Materials provided ->
────────────────────────────────────────
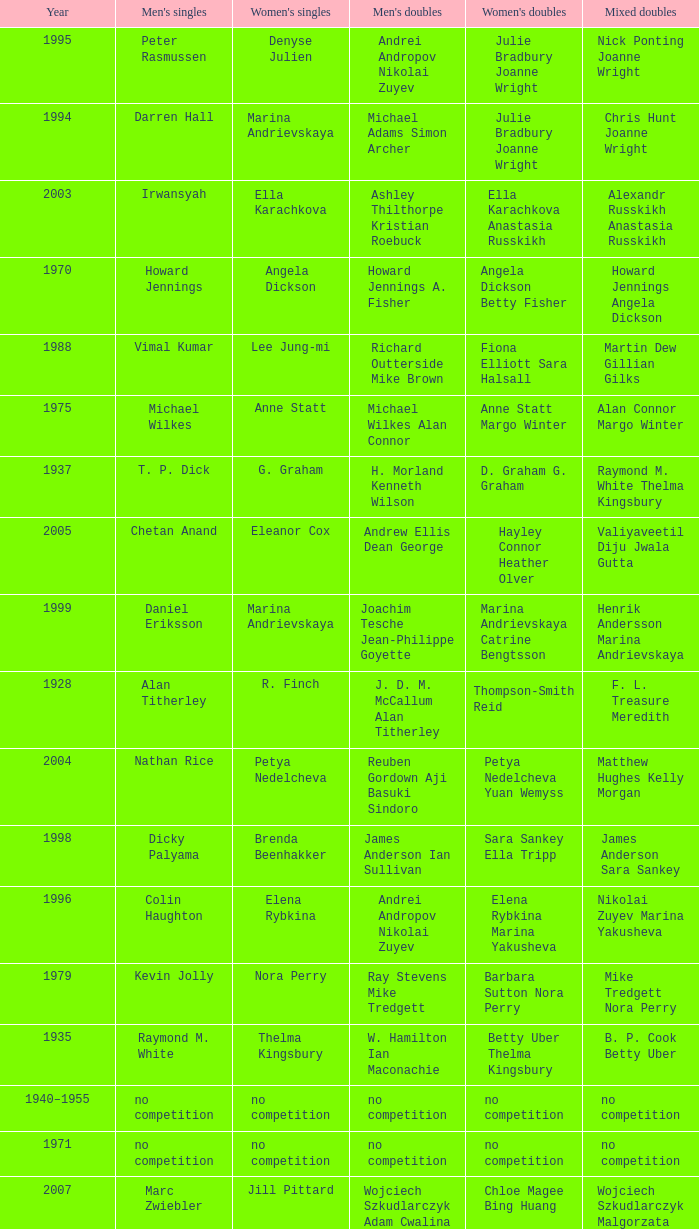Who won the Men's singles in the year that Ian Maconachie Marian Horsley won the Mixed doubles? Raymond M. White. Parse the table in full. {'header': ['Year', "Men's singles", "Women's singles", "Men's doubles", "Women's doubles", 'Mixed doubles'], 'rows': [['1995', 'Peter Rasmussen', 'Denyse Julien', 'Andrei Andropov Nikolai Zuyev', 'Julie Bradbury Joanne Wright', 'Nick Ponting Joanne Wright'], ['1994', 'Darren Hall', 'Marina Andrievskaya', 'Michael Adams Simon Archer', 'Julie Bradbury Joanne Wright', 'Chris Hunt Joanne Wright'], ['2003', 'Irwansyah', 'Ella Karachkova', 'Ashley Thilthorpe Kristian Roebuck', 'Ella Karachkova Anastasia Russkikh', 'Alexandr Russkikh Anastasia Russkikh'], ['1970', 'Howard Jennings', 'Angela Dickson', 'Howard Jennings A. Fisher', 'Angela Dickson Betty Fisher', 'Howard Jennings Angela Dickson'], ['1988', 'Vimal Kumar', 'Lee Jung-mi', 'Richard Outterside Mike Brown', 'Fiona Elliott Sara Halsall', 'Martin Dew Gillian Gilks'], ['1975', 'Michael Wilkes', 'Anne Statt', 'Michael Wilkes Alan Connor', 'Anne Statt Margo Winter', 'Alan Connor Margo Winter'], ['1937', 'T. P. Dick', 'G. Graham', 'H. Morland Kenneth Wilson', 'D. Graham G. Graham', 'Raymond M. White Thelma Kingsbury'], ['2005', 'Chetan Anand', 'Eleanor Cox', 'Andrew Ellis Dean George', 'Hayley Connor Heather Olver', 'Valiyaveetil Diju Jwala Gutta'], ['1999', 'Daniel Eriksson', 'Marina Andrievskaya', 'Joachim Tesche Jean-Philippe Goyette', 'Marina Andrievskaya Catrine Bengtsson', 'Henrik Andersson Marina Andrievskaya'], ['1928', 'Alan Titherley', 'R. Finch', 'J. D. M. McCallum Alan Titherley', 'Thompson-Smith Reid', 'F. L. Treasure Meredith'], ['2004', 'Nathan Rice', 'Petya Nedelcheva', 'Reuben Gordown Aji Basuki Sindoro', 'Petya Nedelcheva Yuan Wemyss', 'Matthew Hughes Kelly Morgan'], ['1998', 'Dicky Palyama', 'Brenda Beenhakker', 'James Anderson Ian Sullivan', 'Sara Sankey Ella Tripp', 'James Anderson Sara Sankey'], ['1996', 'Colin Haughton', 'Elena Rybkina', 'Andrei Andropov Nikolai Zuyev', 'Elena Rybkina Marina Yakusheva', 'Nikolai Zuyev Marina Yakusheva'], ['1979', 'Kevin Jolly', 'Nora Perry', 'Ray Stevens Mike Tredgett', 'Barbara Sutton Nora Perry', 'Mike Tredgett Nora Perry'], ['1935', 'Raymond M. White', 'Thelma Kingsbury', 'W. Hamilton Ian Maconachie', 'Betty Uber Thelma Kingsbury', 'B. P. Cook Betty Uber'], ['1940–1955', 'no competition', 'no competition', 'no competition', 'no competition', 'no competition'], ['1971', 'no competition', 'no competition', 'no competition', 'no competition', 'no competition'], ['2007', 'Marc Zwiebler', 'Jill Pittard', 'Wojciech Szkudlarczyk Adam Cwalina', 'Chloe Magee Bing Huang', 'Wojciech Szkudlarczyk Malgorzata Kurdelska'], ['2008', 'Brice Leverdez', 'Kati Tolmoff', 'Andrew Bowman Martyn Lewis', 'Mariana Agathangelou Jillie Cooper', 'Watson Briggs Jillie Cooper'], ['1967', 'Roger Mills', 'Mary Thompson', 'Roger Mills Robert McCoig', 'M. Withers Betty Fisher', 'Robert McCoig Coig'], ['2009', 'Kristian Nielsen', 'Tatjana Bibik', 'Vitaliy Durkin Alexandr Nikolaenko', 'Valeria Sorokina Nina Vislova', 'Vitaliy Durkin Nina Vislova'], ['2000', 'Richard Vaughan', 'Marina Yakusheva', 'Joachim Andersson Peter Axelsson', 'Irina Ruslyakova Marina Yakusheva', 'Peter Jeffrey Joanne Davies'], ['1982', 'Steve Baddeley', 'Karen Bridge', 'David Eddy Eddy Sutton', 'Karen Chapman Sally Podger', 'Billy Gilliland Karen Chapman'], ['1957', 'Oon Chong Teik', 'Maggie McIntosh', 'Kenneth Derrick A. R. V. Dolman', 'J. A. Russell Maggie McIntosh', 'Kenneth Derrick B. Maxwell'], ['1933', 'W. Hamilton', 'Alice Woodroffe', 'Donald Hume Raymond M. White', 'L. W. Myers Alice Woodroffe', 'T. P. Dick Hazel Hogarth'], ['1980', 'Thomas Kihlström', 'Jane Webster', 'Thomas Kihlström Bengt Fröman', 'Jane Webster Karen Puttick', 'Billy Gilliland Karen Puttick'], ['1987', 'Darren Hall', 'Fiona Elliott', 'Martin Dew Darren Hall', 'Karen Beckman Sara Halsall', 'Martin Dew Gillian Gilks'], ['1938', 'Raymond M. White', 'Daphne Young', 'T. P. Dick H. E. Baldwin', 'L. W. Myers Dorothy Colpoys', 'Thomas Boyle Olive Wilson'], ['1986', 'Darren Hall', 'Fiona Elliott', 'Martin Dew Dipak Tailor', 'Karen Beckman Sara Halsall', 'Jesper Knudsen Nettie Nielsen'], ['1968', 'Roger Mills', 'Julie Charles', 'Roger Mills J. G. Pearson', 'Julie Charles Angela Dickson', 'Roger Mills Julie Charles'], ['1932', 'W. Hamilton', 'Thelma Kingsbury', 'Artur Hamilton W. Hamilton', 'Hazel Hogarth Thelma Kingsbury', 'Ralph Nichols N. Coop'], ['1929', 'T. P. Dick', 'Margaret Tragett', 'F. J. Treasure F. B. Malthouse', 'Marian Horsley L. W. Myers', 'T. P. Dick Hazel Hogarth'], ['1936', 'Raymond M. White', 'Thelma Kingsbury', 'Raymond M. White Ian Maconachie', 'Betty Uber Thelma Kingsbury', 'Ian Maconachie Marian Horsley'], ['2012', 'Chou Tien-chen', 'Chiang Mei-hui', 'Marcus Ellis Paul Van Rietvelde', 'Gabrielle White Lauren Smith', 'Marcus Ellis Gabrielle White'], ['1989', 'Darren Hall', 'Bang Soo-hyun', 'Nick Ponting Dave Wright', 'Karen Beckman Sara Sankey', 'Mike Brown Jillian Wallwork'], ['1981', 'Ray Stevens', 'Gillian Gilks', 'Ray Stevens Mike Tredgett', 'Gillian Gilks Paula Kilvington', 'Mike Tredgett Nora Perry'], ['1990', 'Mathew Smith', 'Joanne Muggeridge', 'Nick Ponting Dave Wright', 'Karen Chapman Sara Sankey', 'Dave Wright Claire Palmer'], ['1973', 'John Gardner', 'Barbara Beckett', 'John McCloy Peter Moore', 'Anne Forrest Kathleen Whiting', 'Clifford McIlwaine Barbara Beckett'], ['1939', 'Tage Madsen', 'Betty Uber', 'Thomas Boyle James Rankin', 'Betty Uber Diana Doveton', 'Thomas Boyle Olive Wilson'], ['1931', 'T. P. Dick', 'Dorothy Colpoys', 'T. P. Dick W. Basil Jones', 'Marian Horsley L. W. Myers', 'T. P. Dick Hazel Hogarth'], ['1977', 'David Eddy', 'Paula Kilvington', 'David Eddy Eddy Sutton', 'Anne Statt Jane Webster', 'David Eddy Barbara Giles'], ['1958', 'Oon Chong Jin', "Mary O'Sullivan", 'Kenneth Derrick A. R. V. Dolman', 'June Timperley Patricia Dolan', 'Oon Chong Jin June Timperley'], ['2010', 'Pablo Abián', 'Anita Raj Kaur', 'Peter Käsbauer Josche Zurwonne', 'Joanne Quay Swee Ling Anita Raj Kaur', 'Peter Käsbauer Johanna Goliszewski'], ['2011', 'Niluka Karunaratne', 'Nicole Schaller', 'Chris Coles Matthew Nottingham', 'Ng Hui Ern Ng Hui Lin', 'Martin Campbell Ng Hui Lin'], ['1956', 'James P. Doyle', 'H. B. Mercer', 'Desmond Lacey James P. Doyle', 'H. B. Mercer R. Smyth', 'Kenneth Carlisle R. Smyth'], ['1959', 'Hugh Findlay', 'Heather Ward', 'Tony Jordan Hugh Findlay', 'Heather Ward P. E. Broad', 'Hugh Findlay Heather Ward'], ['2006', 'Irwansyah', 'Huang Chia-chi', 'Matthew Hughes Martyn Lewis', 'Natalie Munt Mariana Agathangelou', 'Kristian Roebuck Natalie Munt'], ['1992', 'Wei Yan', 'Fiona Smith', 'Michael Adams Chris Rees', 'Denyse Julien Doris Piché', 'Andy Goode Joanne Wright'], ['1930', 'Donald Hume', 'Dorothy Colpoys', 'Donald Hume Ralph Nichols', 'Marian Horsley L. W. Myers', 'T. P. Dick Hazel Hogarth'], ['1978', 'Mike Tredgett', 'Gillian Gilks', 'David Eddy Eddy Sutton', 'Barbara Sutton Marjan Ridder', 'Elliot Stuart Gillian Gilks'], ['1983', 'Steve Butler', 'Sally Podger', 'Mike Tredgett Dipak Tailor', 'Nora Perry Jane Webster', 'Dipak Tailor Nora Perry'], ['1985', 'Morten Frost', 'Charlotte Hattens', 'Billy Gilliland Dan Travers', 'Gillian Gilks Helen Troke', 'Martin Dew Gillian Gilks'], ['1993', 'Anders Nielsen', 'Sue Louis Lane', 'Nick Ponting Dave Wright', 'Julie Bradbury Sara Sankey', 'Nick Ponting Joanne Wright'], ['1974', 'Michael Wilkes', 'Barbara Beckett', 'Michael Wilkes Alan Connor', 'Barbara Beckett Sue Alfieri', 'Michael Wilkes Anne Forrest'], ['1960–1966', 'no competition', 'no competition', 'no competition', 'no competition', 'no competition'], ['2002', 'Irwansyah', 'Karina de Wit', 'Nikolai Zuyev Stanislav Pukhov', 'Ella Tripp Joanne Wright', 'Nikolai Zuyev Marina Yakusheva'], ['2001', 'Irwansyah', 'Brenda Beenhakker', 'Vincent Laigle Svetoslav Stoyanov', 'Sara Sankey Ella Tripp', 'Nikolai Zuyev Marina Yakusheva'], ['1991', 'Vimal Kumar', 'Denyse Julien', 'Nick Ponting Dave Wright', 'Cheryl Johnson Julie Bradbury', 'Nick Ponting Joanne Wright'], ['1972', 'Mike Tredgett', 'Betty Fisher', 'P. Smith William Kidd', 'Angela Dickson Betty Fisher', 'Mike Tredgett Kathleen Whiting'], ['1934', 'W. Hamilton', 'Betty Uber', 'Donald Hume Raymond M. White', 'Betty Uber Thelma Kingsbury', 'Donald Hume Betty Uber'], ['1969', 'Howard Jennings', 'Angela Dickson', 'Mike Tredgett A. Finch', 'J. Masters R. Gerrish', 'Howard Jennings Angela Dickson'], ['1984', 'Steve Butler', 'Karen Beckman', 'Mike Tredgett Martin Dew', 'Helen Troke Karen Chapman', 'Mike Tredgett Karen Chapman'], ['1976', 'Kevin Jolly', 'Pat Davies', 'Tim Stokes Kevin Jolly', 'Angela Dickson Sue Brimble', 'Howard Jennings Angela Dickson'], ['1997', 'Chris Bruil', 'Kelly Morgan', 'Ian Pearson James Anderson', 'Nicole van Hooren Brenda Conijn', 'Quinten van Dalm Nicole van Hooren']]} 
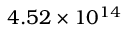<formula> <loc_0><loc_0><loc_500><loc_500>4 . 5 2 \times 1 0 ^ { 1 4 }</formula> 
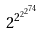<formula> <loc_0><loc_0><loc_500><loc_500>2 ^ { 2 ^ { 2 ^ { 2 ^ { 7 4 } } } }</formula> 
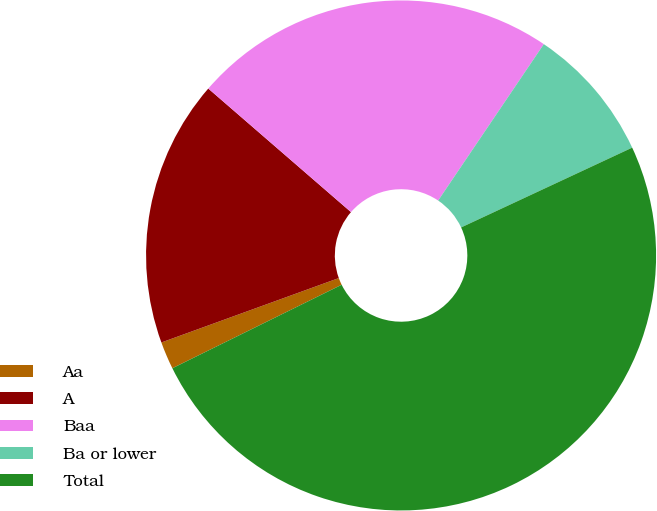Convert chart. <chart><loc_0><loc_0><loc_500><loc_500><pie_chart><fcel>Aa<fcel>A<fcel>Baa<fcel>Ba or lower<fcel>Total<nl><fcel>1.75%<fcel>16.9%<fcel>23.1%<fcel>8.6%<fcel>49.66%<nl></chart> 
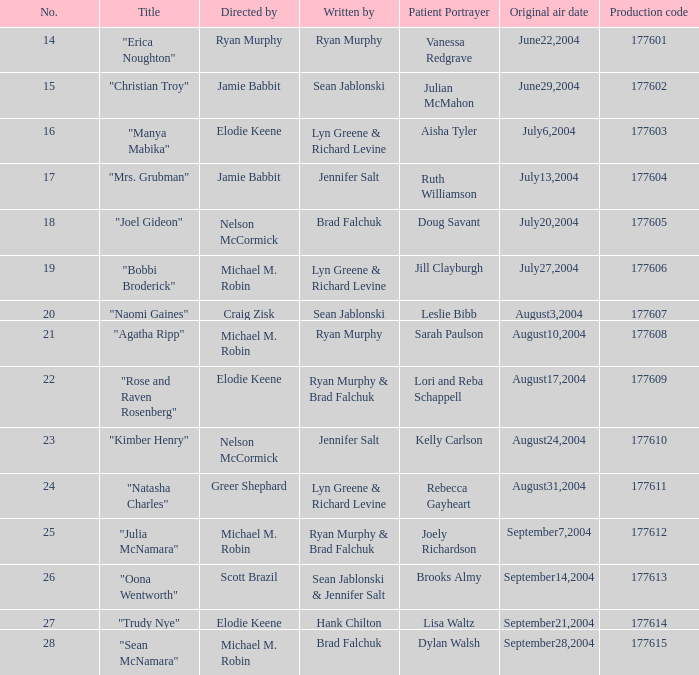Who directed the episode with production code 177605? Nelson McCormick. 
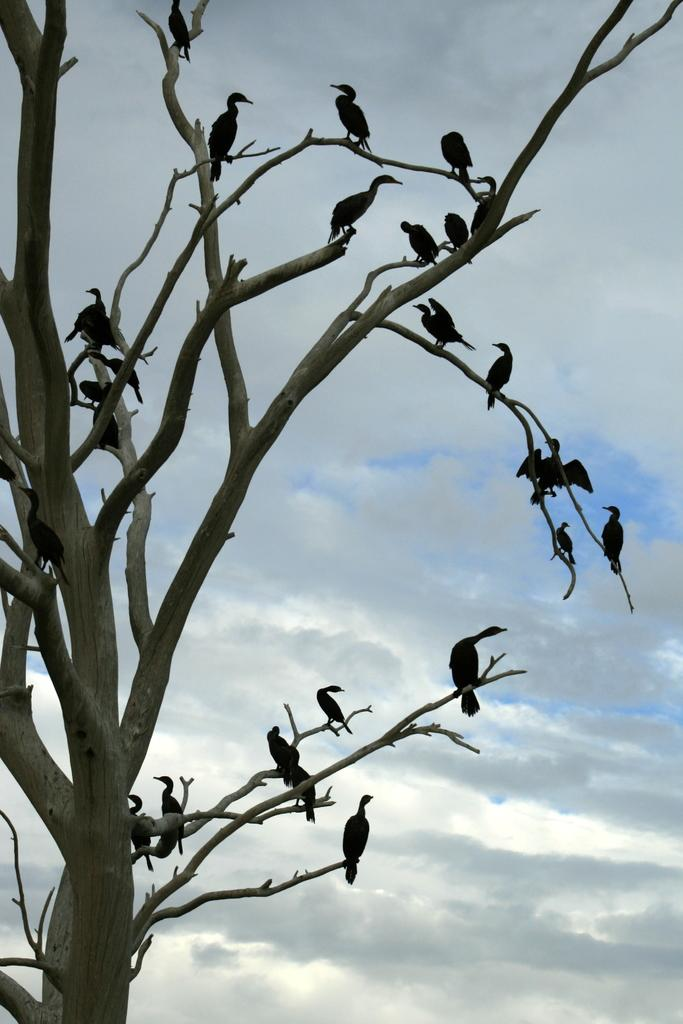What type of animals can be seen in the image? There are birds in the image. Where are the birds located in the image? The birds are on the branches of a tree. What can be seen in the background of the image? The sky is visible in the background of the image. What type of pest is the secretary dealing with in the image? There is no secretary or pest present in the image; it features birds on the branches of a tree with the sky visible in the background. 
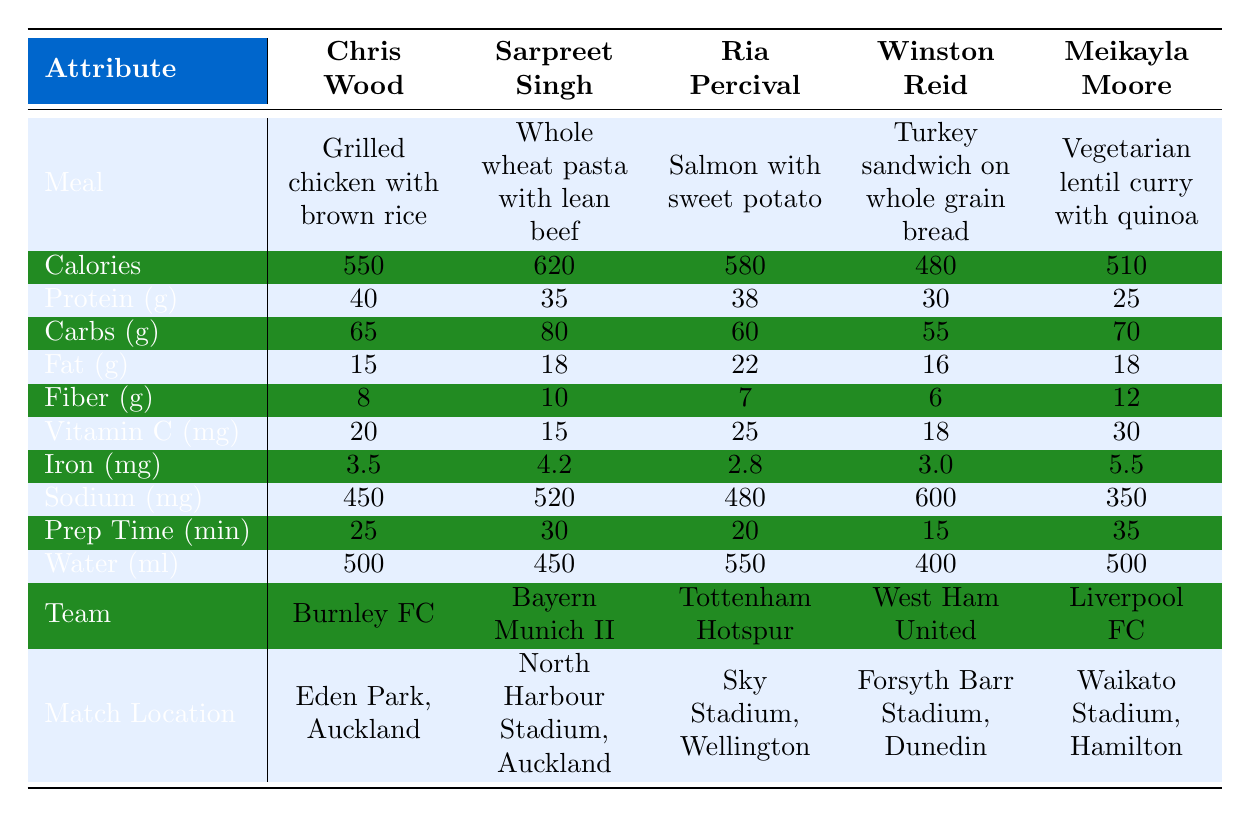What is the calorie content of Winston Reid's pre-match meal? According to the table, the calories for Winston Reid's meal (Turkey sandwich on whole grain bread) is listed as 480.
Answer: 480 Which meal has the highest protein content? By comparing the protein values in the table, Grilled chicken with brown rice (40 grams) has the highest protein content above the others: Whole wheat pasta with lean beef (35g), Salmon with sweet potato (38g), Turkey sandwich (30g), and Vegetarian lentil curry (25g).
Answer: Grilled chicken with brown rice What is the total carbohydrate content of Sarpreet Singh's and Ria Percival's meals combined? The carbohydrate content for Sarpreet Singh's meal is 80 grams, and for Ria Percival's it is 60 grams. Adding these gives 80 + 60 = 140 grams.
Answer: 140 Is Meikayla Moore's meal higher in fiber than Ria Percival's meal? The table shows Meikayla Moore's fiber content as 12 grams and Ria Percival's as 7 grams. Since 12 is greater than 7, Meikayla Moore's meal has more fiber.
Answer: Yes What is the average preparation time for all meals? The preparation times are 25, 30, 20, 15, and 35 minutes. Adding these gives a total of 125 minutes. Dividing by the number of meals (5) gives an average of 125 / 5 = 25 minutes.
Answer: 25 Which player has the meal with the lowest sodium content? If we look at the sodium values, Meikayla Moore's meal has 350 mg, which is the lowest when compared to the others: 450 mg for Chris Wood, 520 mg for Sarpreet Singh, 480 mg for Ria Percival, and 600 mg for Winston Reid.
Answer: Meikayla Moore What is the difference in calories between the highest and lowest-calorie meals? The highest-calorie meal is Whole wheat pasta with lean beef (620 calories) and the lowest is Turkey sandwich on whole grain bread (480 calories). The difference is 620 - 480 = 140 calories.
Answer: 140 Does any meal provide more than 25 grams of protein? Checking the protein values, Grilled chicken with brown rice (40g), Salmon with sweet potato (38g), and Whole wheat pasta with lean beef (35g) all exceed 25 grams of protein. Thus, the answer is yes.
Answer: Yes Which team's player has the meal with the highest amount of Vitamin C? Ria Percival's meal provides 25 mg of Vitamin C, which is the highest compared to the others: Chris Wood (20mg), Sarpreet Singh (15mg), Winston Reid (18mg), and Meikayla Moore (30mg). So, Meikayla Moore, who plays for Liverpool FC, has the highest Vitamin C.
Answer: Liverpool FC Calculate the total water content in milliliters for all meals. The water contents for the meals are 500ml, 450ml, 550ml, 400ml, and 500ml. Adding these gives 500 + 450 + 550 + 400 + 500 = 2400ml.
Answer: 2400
────────────────────────────────────────
Write out exactly the lines from the one with "Answer: Liverpool FC" through the end of the records above, both ends included, and leave out all other lines.

Exercise result ->
Answer: Liverpool FC Calculate the total water content in milliliters for all meals. The water contents for the meals are 500ml, 450ml, 550ml, 400ml, and 500ml. Adding these gives 500 + 450 + 550 + 400 + 500 = 2400ml.
Answer: 2400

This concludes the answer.